On the subject of unconditional lovers, I should also mention a particular man from my own biography. I was attracted to him in the same way a patient can get attracted to a psychiatrist — and vice versa … I think that, while he was with me, the world seemed brighter to him, more open, a series of discrete, colorful images, as though seen from the cars of a train traveling at great speed. We had no future as a couple: we both lived in other worlds, whereas a happy couple should live in this one. I always enjoyed something he used to say: “There are only two occasions on which I could actually say I’m happy, in this life — when I’m drunk, or when I come up with a new idea.” Once, he went to a conference in Prague. After the conference, along with his colleagues, he drank several pints of Budweiser, and I should mention that he had the silly habit of sleeping in the nude whenever possible. Unlike me, he didn’t associate a naked body with the soul; it’s just a material, he used to say, like clay, asbestos, or silk.

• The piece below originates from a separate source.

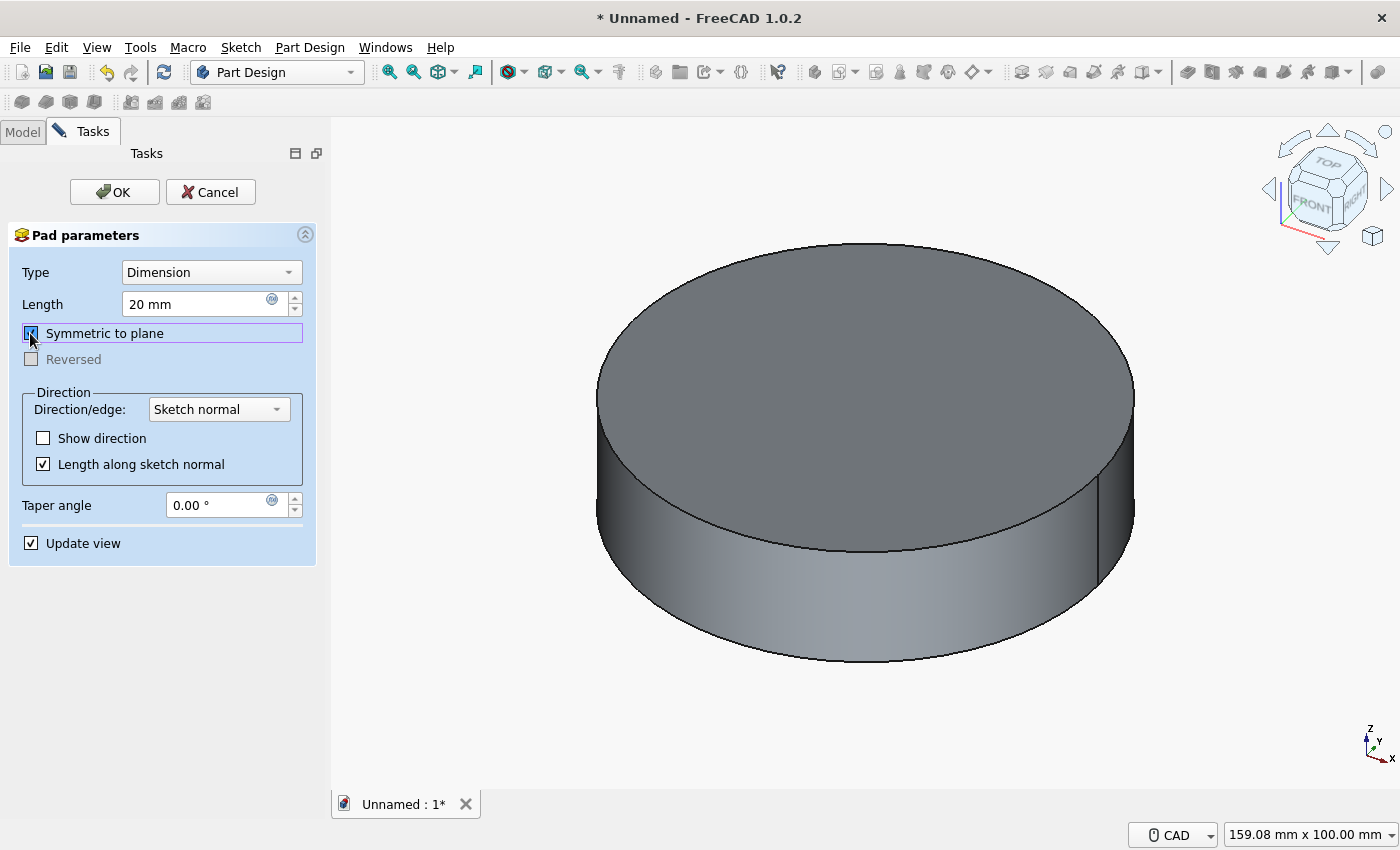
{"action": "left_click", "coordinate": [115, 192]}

Anyway, during the night, in his monk’s cell of a hotel room, this friend of mine got out of bed, took two steps, turned left to enter the bathroom, opened the door, went inside, and then, leaving the bathroom a moment later, he took another turn to the left, after which he slammed the door behind him. He opened his eyes in a long corridor: dim lights protruded from frosted glass lotuses, and a red runner stretched to nowhere, like something unspooling out of his dreams. There weren’t a lot of options. The first: knock on the door next to his, in which a conference participant from Poland — not always friendly to our people, but truly Christian — was sleeping. The second: wrap himself up in the carpet and present himself like Cleopatra to the Anthonys at the front desk. He bent down and felt it — no, the carpet was too stiff and too long. And yet, the woman working the registration desk that night gave him his key without even a second look — reaching out and dropping it into his outstretched palm (my friend had used a brochure about Prague’s old town as a fig leaf).